Prevalence rates of obesity and related diseases are quickly reaching epidemic proportions among Hispanic males in the United States. Hispanic males suffer from the highest prevalence of obesity-related diseases when compared to all other racial/ethnic groups. Despite evidence showing that weight loss can significantly reduce the risk of obesity-related health implications, literature informing best practices to engage Hispanic males in weight management programs is scarce.

PURPOSE:

The purpose of the current study was to engage Spanish-speaking, Mexican-origin males with overweight or obesity to examine their perspectives of diet-related behaviors related to weight management.

METHODS:

Demographic and acculturation data were collected using questionnaires. Fourteen semistructured interviews were completed with an all-Spanish-speaking cohort of men (age: 45.0 ± 9.8 years; BMI: 34.2 ± 6.5 kg m-2) who were born outside of the United States. We conducted a thematic analysis using a hybrid deductive-inductive analysis strategy using a previously developed codebook that was updated during iterative analysis of interview transcripts.

RESULTS:

Participants reported that healthful eating habits were hindered, among other factors, by lack of knowledge, sociocultural norms and conceptualizations of masculinity.
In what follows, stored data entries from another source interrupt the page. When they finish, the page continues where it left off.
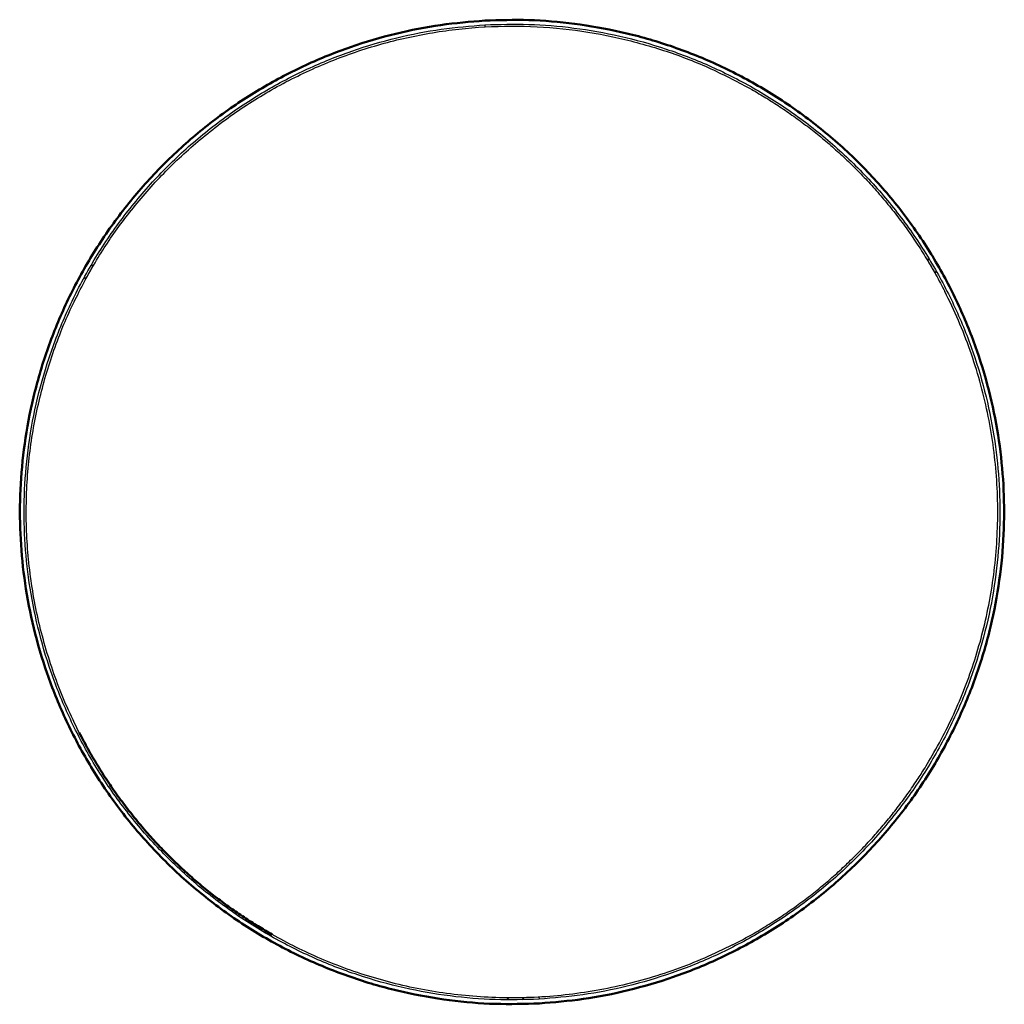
# Model space of a CAD drawing. Header units: millimetres. Extents: x 123 to 356, y 866 to 1099.
import ezdxf

# ---------------------------------------------------------------- set-up
doc = ezdxf.new("R2010")
doc.units = ezdxf.units.MM
doc.layers.add('Make2D$Visible$Curvas', color=7, linetype='Continuous')
doc.layers.add('Make2D$Visible$Tangentes', color=7, linetype='Continuous')
doc.layers.add('Make2D$Visible$CurvasDeSiluetaDeEscena', color=7, linetype='Continuous', lineweight=50)

msp = doc.modelspace()

# ---------------------------------------------------------------- linework, layer by layer
at = {"layer": 'Make2D$Visible$Curvas', "color": 252, "true_color": 0x868b8b}
for points, knots in [([(246.09, 866.28), (129.77, 859.81), (123.3, 976.13), (116.83, 1092.45), (233.15, 1098.92)], [1, 1, 1, 2.570796, 2.570796, 4.141593, 4.141593, 4.141593]), ([(233.15, 1098.92), (349.47, 1105.39), (355.94, 989.07), (362.41, 872.75), (246.09, 866.28)], [0, 0, 0, 1.570796, 1.570796, 3.141593, 3.141593, 3.141593])]:
    msp.add_rational_spline(points, [1, 0.707106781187, 1, 0.707106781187, 1], degree=2, knots=knots, dxfattribs=at)
at = {"layer": 'Make2D$Visible$Curvas', "color": 252, "lineweight": -3, "true_color": 0x868b8b}
for points, knots in [([(233.2, 1097.92), (348.52, 1104.33), (354.94, 989.01), (361.35, 873.69), (246.03, 867.28)], [4.141593, 4.141593, 4.141593, 5.712389, 5.712389, 7.283185, 7.283185, 7.283185]), ([(246.03, 867.28), (130.71, 860.86), (124.29, 976.18), (117.88, 1091.51), (233.2, 1097.92)], [5.141593, 5.141593, 5.141593, 6.712389, 6.712389, 8.283185, 8.283185, 8.283185])]:
    msp.add_rational_spline(points, [1, 0.707106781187, 1, 0.707106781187, 1], degree=2, knots=knots, dxfattribs=at)
at = {"layer": 'Make2D$Visible$Curvas', "color": 7, "lineweight": -3, "true_color": 0xffffff}
for points, weights, knots in [([(137.15, 930.39), (109.04, 985.56), (139.62, 1039.39), (196.42, 1139.39), (296.41, 1082.59)], [0.862354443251, 0.817652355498, 1, 0.707106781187, 1], [1.59286, 1.59286, 1.59286, 2.570796, 2.570796, 4.141593, 4.141593, 4.141593]), ([(291.83, 880.13), (322.57, 895.8), (339.61, 925.8), (370.19, 979.64), (342.08, 1034.81)], [0.862354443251, 0.889454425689, 1, 0.817652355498, 0.862354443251], [0.977937, 0.977937, 0.977937, 1.570796, 1.570796, 2.548733, 2.548733, 2.548733])]:
    msp.add_rational_spline(points, weights, degree=2, knots=knots, dxfattribs=at)
for points, weights in [([(296.41, 1082.59), (326.42, 1065.55), (342.08, 1034.81)], [1, 0.889454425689, 0.862354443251]), ([(291.83, 880.13), (236.66, 852.02), (182.82, 882.6)], [0.862354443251, 0.817652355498, 1])]:
    msp.add_rational_spline(points, weights, degree=2, dxfattribs=at)
at = {"layer": 'Make2D$Visible$Curvas', "color": 254, "lineweight": -3, "true_color": 0xcbd2ee}
for points in [[(337.78, 1042.5), (337.8, 1042.51)], [(337.79, 1042.52), (338.46, 1042.35)], [(139.94, 1040.95), (140.61, 1041.13)], [(140.61, 1041.13), (140.62, 1041.13)], [(339.99, 1039.74), (339.81, 1039.07)], [(138.63, 1037.66), (138.45, 1038.32)], [(138.66, 1037.66), (138.64, 1037.67)], [(339.81, 1039.07), (339.8, 1039.06)], [(238.43, 867.59), (238.43, 867.6)], [(238.92, 867.1), (238.43, 867.59)], [(242.43, 867.61), (241.94, 867.12)], [(242.41, 867.63), (242.41, 867.61)]]:
    msp.add_open_spline(points, degree=1, dxfattribs=at)
for points in [[(337.79, 1042.52), (337.79, 1042.52), (337.8, 1042.51)], [(138.63, 1037.66), (138.63, 1037.66), (138.64, 1037.67)], [(242.43, 867.61), (242.43, 867.61), (242.41, 867.61)]]:
    msp.add_rational_spline(points, [1, 0.997803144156, 1], degree=2, dxfattribs=at)
for points in [[(337.8, 1042.51), (337.92, 1042.29), (338.87, 1040.68), (339.81, 1039.07), (339.81, 1039.07)], [(138.64, 1037.67), (138.76, 1037.89), (139.69, 1039.51), (140.61, 1041.13), (140.61, 1041.13)], [(242.41, 867.61), (242.16, 867.61), (240.29, 867.6), (238.43, 867.59), (238.43, 867.59)]]:
    msp.add_rational_spline(points, [1, 0.730153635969, 1, 0.730153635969, 1], degree=2, knots=[-4.141593, -4.141593, -4.141593, -2.637094, -2.637094, -1.132594, -1.132594, -1.132594], dxfattribs=at)
at = {"layer": 'Make2D$Visible$Curvas', "color": 7, "true_color": 0xffffff}
msp.add_rational_spline([(137.15, 930.39), (152.82, 899.64), (182.82, 882.6)], [0.862354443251, 0.889454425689, 1], degree=2, dxfattribs=at)
at = {"layer": 'Make2D$Visible$CurvasDeSiluetaDeEscena', "color": 252, "true_color": 0x868b8b}
for points, knots in [([(246.09, 866.28), (129.77, 859.81), (123.3, 976.13), (116.83, 1092.45), (233.15, 1098.92)], [1, 1, 1, 2.570796, 2.570796, 4.141593, 4.141593, 4.141593]), ([(233.15, 1098.92), (349.47, 1105.39), (355.94, 989.07), (362.41, 872.75), (246.09, 866.28)], [0, 0, 0, 1.570796, 1.570796, 3.141593, 3.141593, 3.141593])]:
    msp.add_rational_spline(points, [1, 0.707106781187, 1, 0.707106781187, 1], degree=2, knots=knots, dxfattribs=at)
at = {"layer": 'Make2D$Visible$CurvasDeSiluetaDeEscena', "color": 7, "true_color": 0xffffff}
msp.add_rational_spline([(137.15, 930.39), (152.82, 899.64), (182.82, 882.6)], [0.862354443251, 0.889454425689, 1], degree=2, dxfattribs=at)
at = {"layer": 'Make2D$Visible$Tangentes', "color": 252, "lineweight": -3, "true_color": 0x868b8b}
for points, weights in [([(233.2, 1097.92), (233.2, 1097.92), (233.23, 1097.42)], [1, 0.707106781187, 1]), ([(246, 867.78), (246.03, 867.28), (246.03, 867.28)], [1, 0.707106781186, 1])]:
    msp.add_rational_spline(points, weights, degree=2, dxfattribs=at)
at = {"layer": 'Make2D$Visible$Tangentes', "color": 254, "lineweight": -3, "true_color": 0xcbd2ee}
for points in [[(337.8, 1042.51), (338.47, 1042.34)], [(138.64, 1037.67), (138.46, 1038.34)], [(242.41, 867.61), (241.93, 867.12)]]:
    msp.add_open_spline(points, degree=1, dxfattribs=at)

doc.saveas('drawing.dxf')

Viable diet-related intervention approaches also surfaced, including building consciousness, promotion of traditional knowledge and the integration of the family in interventions.

CONCLUSION:

Findings suggest that Spanish-speaking, Mexican-origin men have interest in actively engaging in behavior changes that improve their dietary habits and engage in weight management. Our findings yield valuable insights that can be used to formulate tailored intervention strategies to improve obesity prevention and treatment programs for this vulnerable subgroup.